As customers add more applications, the number of APIs and webpages increase exponentially. The new multi-step HTTP monitoring in Amazon CloudWatch Synthetics offers visibility and helps you proactively solve problems. It helps engineering teams monitor their APIs 24/7 using flexible scripts so that they can maintain SLA compliance.

In this post, we show you how use the Amazon CloudWatch Synthetics canary that uses the multiple HTTP endpoints blueprint to monitor an application.

Use cases: availability monitoring - Monitor the status of endpoints and APIs to get an outside-in view of your customers' experiences, and your service's availability. Monitor end-to-end workflows - Build end-to-end workflows to test your customer experience. Private network - If canary endpoints are private, you can choose to run your canary on a Virtual Private Cloud (VPC). Alarms and notifications - Set alarms and notifications so that you can quickly respond and address issues.

The HTTP Steps feature is available for syn-nodejs-2.2 and above that provides flexibility when monitoring multi-step API canaries and collects metrics and reports per step. It also provides detailed reports that include request and response headers, DNS lookup time, TCP connection time, and time to first byte for multiple HTTP requests in a single script.

Solution Overview

In the solution, we demonstrate the steps to create an API canary blueprint using the HTTP Steps feature that is available for syn-nodejs-2.2.

HTTP steps in action

CloudWatch Synthetics allows you to use blueprint scripts that are ready to be consumed but you can use the editor in the console or import a script from an Amazon Simple Storage Service (Amazon S3) bucket to create your own script. CloudWatch Synthetics supports canaries developed in Node.js and Python, but currently HTTP steps supports only Node.js.

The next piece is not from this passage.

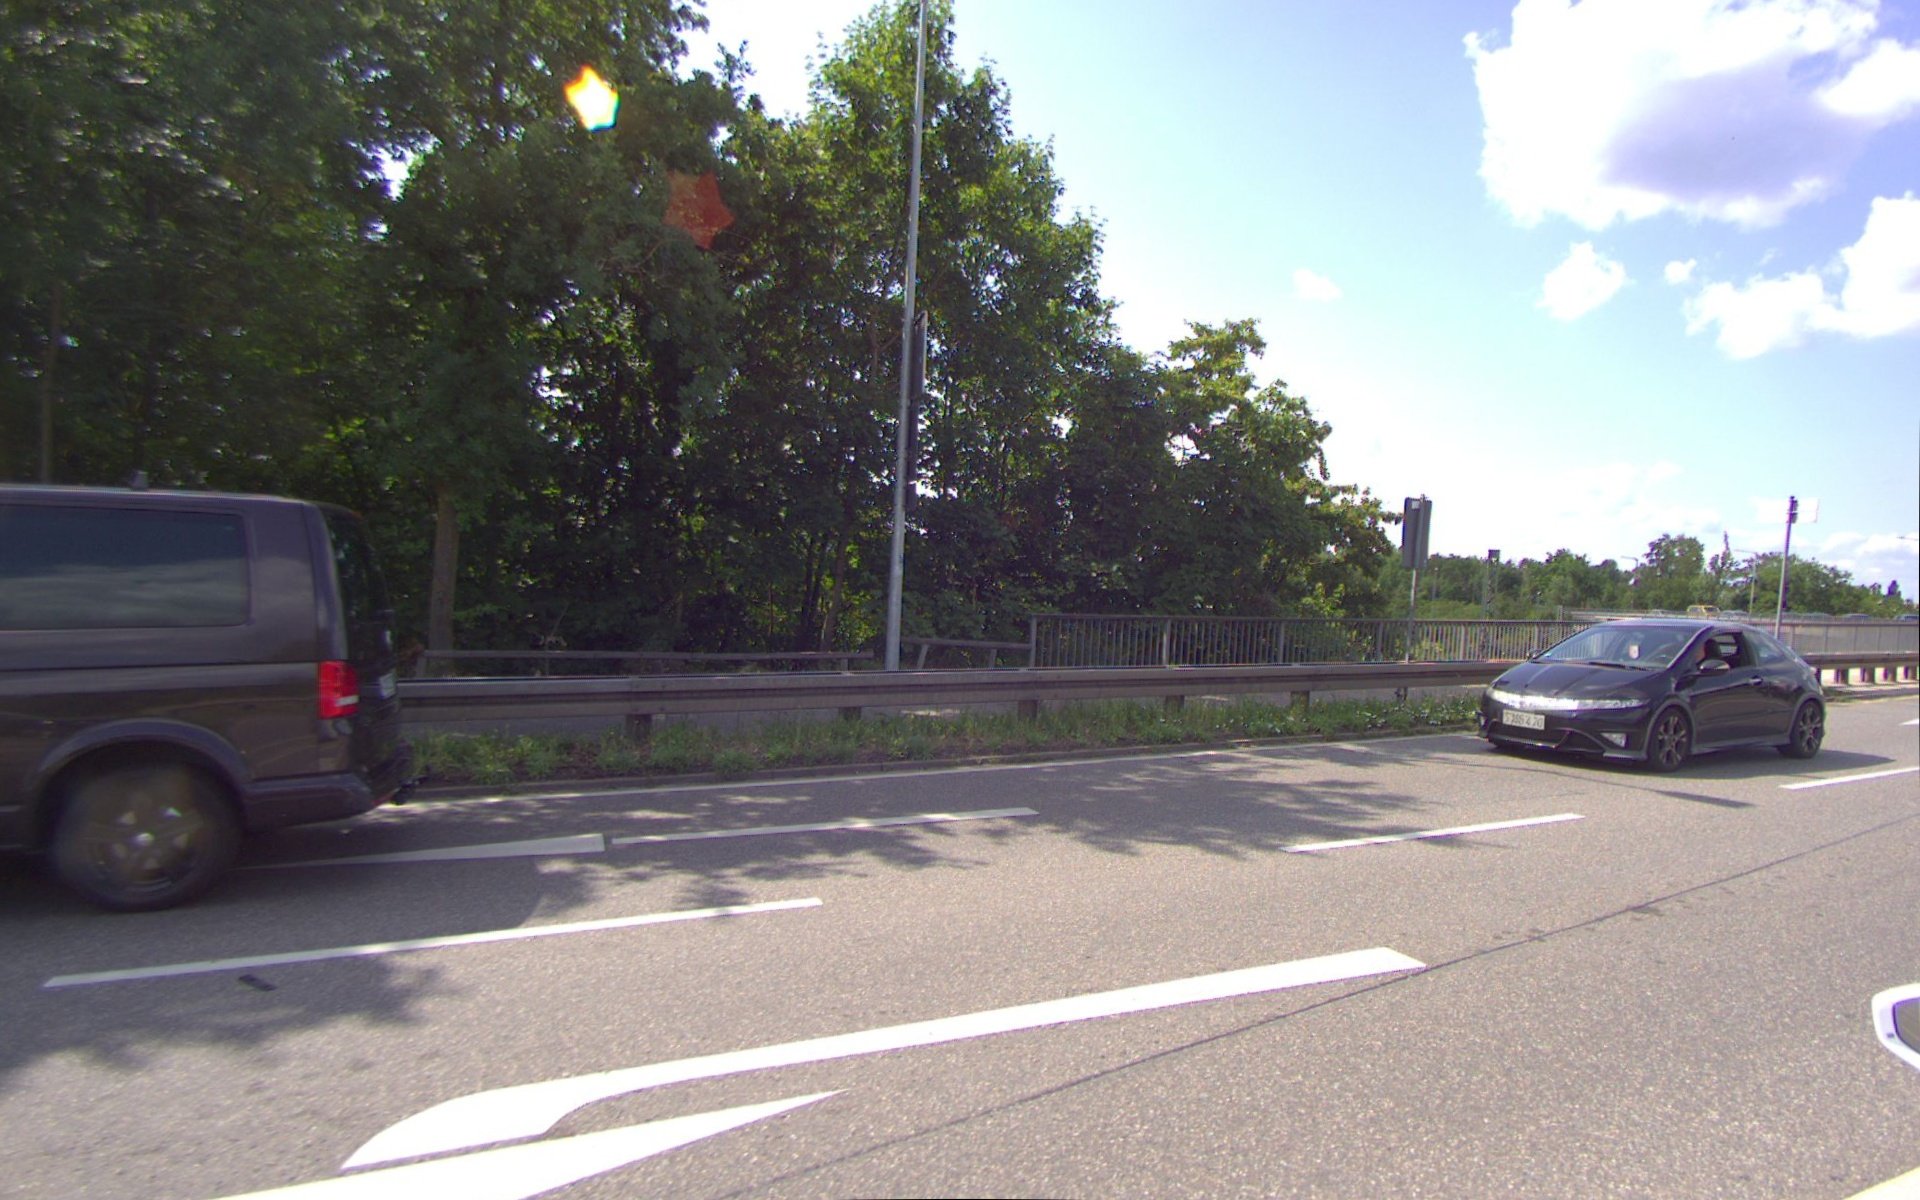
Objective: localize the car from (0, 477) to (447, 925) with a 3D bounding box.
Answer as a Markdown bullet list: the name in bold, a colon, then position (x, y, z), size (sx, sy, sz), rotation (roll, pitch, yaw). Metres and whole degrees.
- **car**: position (-5.403, 0.418, 4.860), size (5.061, 1.939, 1.988), rotation (1, 0, -24)

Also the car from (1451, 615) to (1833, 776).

To simulate how CloudWatch Synthetics handles failure, we will use the httpbin.org website to call two APIs, but you can use your own HTTP endpoint to simulate the same output. The first call will return a successful response, however, the second will return an error and purposely generate a failure in the canary test.

To create an HTTP steps script:

Open the Synthetics menu of the CloudWatch console.
Choose Create Canary.
Choose the API canary from the blueprints list.
Under Name, enter a name for your canary – for example http-steps-test.
Under HTTP requests, choose Add HTTP request
Under method, select the method GET.
Enter the URL https://httpbin.org/anything under the Application or endpoint URL.
Under Headers, enter Content-Type in the Key field and application/json in the Value
Under Request data, enter the json { “foo” : “bar” }
Under Reporting configuration, enable the Capture headers and response body
Choose Save and add another call
Repeat the steps 6, 7 and 10, but use the URL https://httpbin.org/status/400
Choose Save
Ensure the Active tracing is enabled at the end of the blueprint.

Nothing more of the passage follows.